SIBs in the Nordic countries: an emergent but fast-growing field 

While more than 200 SIBs have officially been developed worldwide, they are still an emergent phenomenon in most Nordic countries. Currently, 17 SIBs have been initiated in Finland, Sweden, Denmark, and Norway – primarily within employment, preventive health, and social welfare. Also, at least 7 additional SIB-projects have been announced. The first SIB-evaluations are also starting to come up; for example, the assessment of the first Swedish SIB in Norrköping shows promising social effects, despite not creating a financial return for investors. Finnish intermediary-organizations are also planning to develop SIB-projects within environmental areas, including recycling and energy efficiency in housing.

Overall, Finland seems to be on the forefront in the Nordic regions, followed by Sweden, while Denmark and Norway are a few years behind. On the investment side, significant progression is also being made. A Finnish fund-of-funds is currently being developed with an expected capital of 100 million Euro. In Sweden, work is also being done to set up a national outcomes financing structure to ensure the scaling of future outcome-based initiatives. Last, legislative action to ensure social finance practices has been taken – most recently in Denmark with Børnene Først promising more focus on social investment-practices to ensure preventive social welfare.  

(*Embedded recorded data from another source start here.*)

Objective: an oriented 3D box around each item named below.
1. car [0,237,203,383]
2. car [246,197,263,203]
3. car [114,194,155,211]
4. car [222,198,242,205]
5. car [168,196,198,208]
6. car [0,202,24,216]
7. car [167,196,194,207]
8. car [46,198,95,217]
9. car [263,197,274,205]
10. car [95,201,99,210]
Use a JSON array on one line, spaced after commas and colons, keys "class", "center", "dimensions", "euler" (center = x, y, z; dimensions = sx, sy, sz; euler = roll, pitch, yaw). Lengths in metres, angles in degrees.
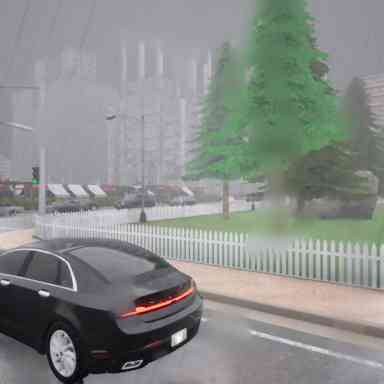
[{"class": "car", "center": [-2.121, 1.505, 5.440], "dimensions": [4.892, 1.490, 1.837], "euler": [0, 0, 36]}, {"class": "car", "center": [11.889, 1.221, 61.459], "dimensions": [2.150, 2.045, 5.566], "euler": [0, 0, 34]}, {"class": "car", "center": [-6.804, 1.221, 40.240], "dimensions": [2.150, 2.045, 5.566], "euler": [0, 0, 34]}, {"class": "car", "center": [6.403, 1.525, 53.270], "dimensions": [1.812, 1.442, 4.674], "euler": [0, 0, 34]}, {"class": "car", "center": [-1.101, 1.352, 48.703], "dimensions": [2.097, 1.767, 4.553], "euler": [0, 0, 34]}, {"class": "car", "center": [-17.970, 1.600, 30.006], "dimensions": [1.895, 1.301, 4.718], "euler": [0, 0, 36]}, {"class": "car", "center": [-1.834, 1.504, 53.865], "dimensions": [1.837, 1.490, 4.892], "euler": [0, 0, 34]}, {"class": "car", "center": [-12.276, 1.491, 32.092], "dimensions": [2.128, 1.511, 4.902], "euler": [0, 0, 34]}, {"class": "car", "center": [14.987, 1.563, 59.794], "dimensions": [1.994, 1.385, 4.181], "euler": [0, 0, 34]}, {"class": "car", "center": [-12.835, 1.477, 37.538], "dimensions": [1.882, 1.535, 5.008], "euler": [0, 0, 34]}]

Emerging practices for Nordic SIBs 

Some early experiences regarding the relevance and usage of SIBs in the Nordic countries were discussed during the CIID-conference. First and foremost, SIBs seem to be a part of a much larger trend in public welfare, oriented towards measuring, incentivizing, and resourcing towards long-term social outcomes. While SIBs might constitute effective solutions in themselves, they are also catalysts for evolving social investment practices because they can 1) showcase the benefits of new types of welfare services by linking social and economic outcomes, 2) provide practical solutions for realizing preventive and proactive welfare services, and 3) facilitate cross-sectoral coordination through new procurement frameworks by bringing new stakeholders to the table. 

The SIB can be a useful way to show the municipalities, and the government, how to buy the solutions that actually work. 

Hans Henrik Woltmann, Investment Manager, The Social Investment Fund (DK)

What seems to be critical is also the perception that SIBs in the Nordic countries should not function as a replacement to or a privatization instrument for public welfare services. Instead, SIBs should be understood as a supplement to these, allowing public actors to change how they buy public interventions while testing new welfare solutions through de-risking strategies. Still, the novelty of the method, and its experimental character, makes it challenging to assess its true potential.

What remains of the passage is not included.